フォトエッセイ

特別じゃなくても大切な毎日、”always”なデニムスタイル。【─Shining Moments:24 ─】

春服が欲しいなと思い、デニムスカートを買った。ミナペルホネン定番の「always」。コットンリネン生地のものだ。春服需要にかこつけて購入したけれど 通年使えるので、早速気に入って履いている。モードに着られる大人なデニムで重宝しそうな予感。

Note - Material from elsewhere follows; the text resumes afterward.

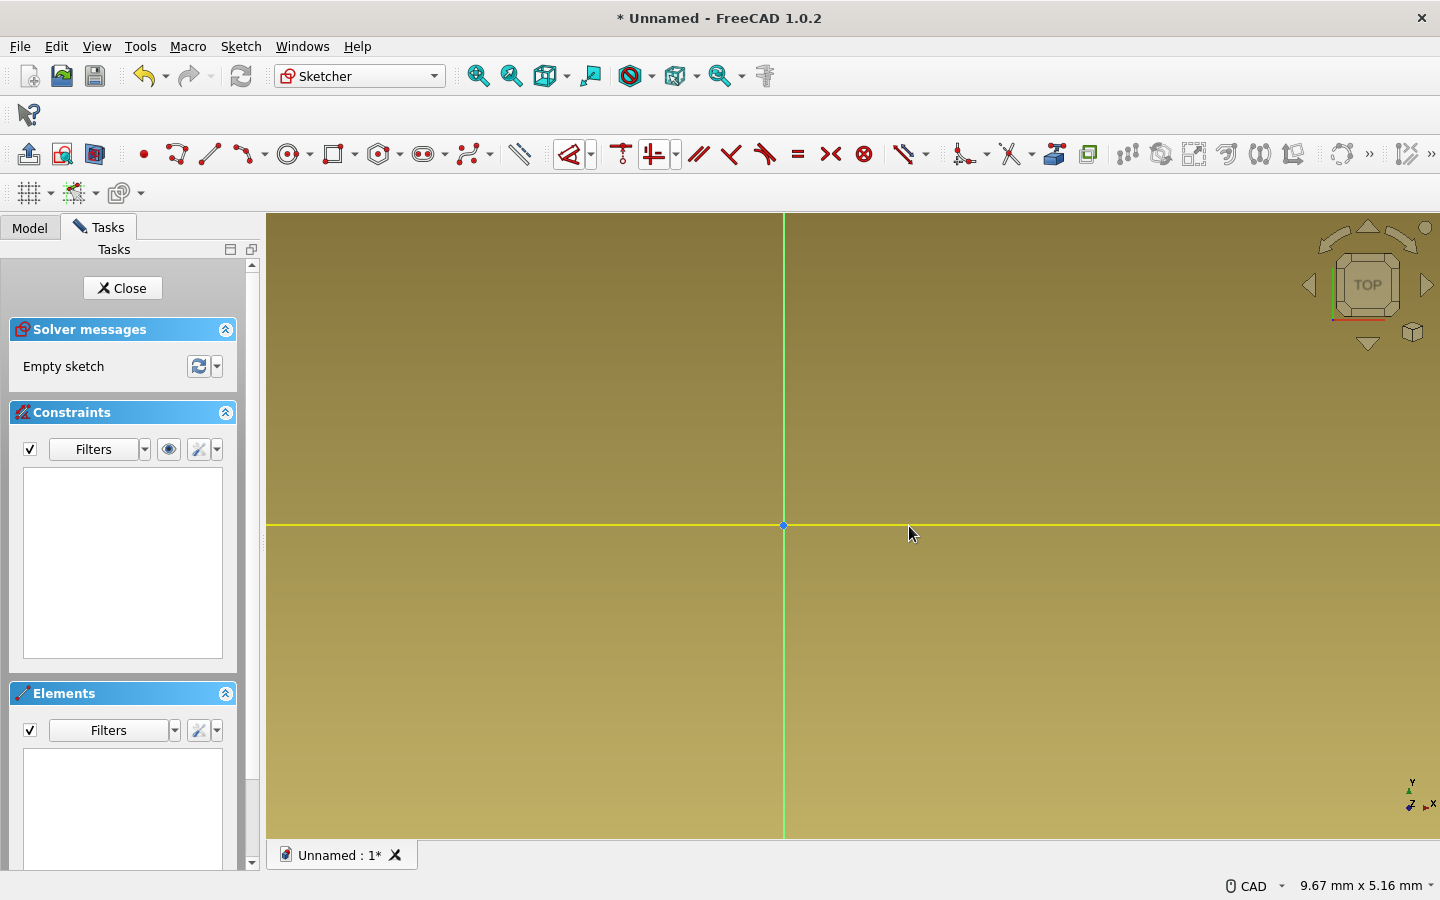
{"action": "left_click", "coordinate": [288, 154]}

……そしてまた、私にとってこのデニムは ただのデニムスカートではない。ちょっと大げさかもしれないけれど、小さな夢を叶えてくれるデニムでもあるのだ。今日はそんな「always」について、思い出話と共に綴ってみたい。

ジュエリー エッセイ 山田ルーナ

あの頃、いつも履いていたもの

私の夫はデニムが好きだ。デニムの何が好きかというとエイジングが好きだそうで、その育っていく過程を楽しむのが堪らないのだという。ヒゲと呼ばれるアタリ…皺に沿った色落ちは持ち主の体型やデニムによって異なり、そのそれぞれに唯一の立体的な表情を与える。だから育て始めは とことん履いて、グッと身体に馴染ませるのが夫のスタイルだ。

ジュエリー エッセイ 山田ルーナ

私と夫が出会ったのは およそ10年前だが、出会った頃の夫の「とことん履く期」にあったのが、このミナペルホネン「always」だった。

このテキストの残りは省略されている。